----- SOURCE MATERIAL -----

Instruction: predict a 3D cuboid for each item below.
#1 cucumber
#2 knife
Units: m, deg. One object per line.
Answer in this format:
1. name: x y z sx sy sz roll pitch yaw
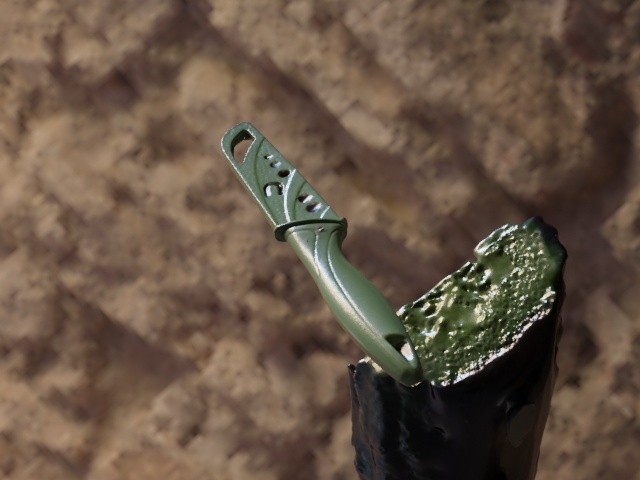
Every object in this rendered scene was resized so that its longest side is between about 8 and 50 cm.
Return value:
1. cucumber: 0.080 0.095 0.956 0.086 0.115 0.193 48 -34 45
2. knife: 0.000 0.000 0.770 0.207 0.030 0.014 -128 -160 -50
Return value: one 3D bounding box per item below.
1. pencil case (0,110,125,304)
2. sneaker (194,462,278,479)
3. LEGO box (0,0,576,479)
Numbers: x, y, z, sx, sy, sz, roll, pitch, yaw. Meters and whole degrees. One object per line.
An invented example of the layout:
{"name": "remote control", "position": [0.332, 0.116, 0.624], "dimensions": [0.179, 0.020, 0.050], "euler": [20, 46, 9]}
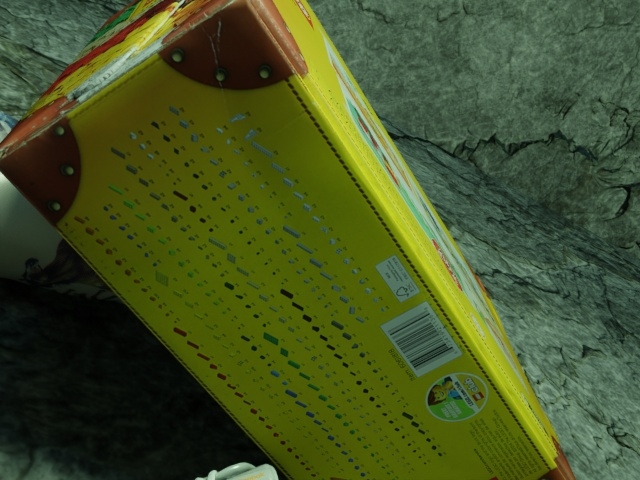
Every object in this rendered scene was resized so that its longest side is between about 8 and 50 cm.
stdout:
{"name": "pencil case", "position": [-0.334, -0.065, 0.704], "dimensions": [0.410, 0.160, 0.183], "euler": [18, 42, -28]}
{"name": "sneaker", "position": [-0.092, 0.198, 0.526], "dimensions": [0.262, 0.121, 0.099], "euler": [18, 25, -28]}
{"name": "LEGO box", "position": [0.000, 0.000, 0.682], "dimensions": [0.500, 0.193, 0.372], "euler": [54, 13, -25]}
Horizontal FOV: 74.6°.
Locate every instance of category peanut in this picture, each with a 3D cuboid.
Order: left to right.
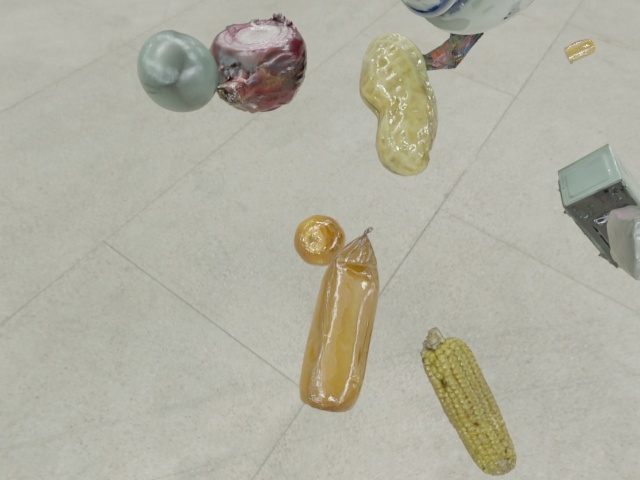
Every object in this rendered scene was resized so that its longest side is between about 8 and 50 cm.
[{"bbox_3d":[0.159,-0.277,0.852,0.146,0.147,0.306,-13,80,-11],"label":"peanut"}]

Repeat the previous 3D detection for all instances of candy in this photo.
[{"bbox_3d":[0.874,0.008,1.120,0.137,0.185,0.195,-10,15,18],"label":"candy"}]

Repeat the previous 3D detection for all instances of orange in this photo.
[{"bbox_3d":[0.000,0.000,1.229,0.154,0.134,0.155,1,93,21],"label":"orange"}]

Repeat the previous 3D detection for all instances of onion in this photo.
[{"bbox_3d":[-0.111,-0.264,0.694,0.172,0.135,0.199,6,56,20],"label":"onion"}]

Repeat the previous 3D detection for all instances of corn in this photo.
[{"bbox_3d":[0.312,0.340,0.901,0.119,0.119,0.322,-23,86,-17],"label":"corn"}]

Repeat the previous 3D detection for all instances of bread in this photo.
[{"bbox_3d":[0.694,-0.515,1.151,0.103,0.049,0.062,-26,16,-11],"label":"bread"}]

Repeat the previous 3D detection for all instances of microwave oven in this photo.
[{"bbox_3d":[1.053,-0.116,1.534,0.355,0.218,0.287,42,44,-16],"label":"microwave oven"}]

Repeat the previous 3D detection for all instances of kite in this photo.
[{"bbox_3d":[0.356,-0.522,1.143,0.320,0.234,0.016,-29,78,15],"label":"kite"}]

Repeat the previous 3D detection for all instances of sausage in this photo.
[{"bbox_3d":[0.043,0.133,0.750,0.111,0.112,0.329,12,77,5],"label":"sausage"}]

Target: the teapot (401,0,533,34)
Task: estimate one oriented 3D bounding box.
[{"bbox_3d":[0.201,-0.431,0.613,0.279,0.253,0.424,-29,29,-17],"label":"teapot"}]

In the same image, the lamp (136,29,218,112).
[{"bbox_3d":[-0.192,-0.227,0.568,0.105,0.105,0.105,1,56,-2],"label":"lamp"}]
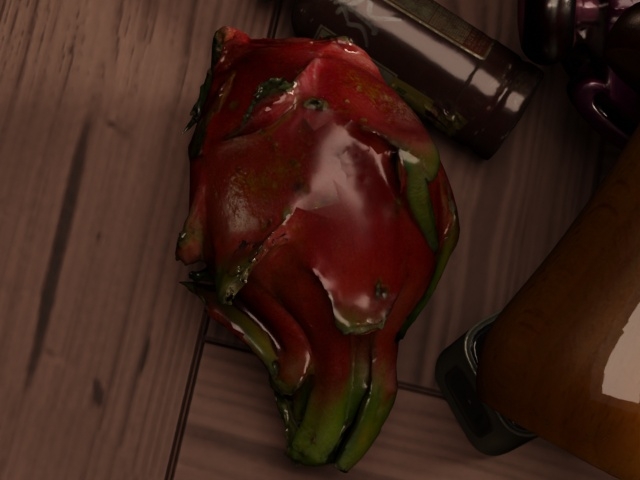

-----

**EXERCISE AIM**
One figure is all that is needed: the number of lines above in which the word "item" appears.

**ANSWER AREA**
2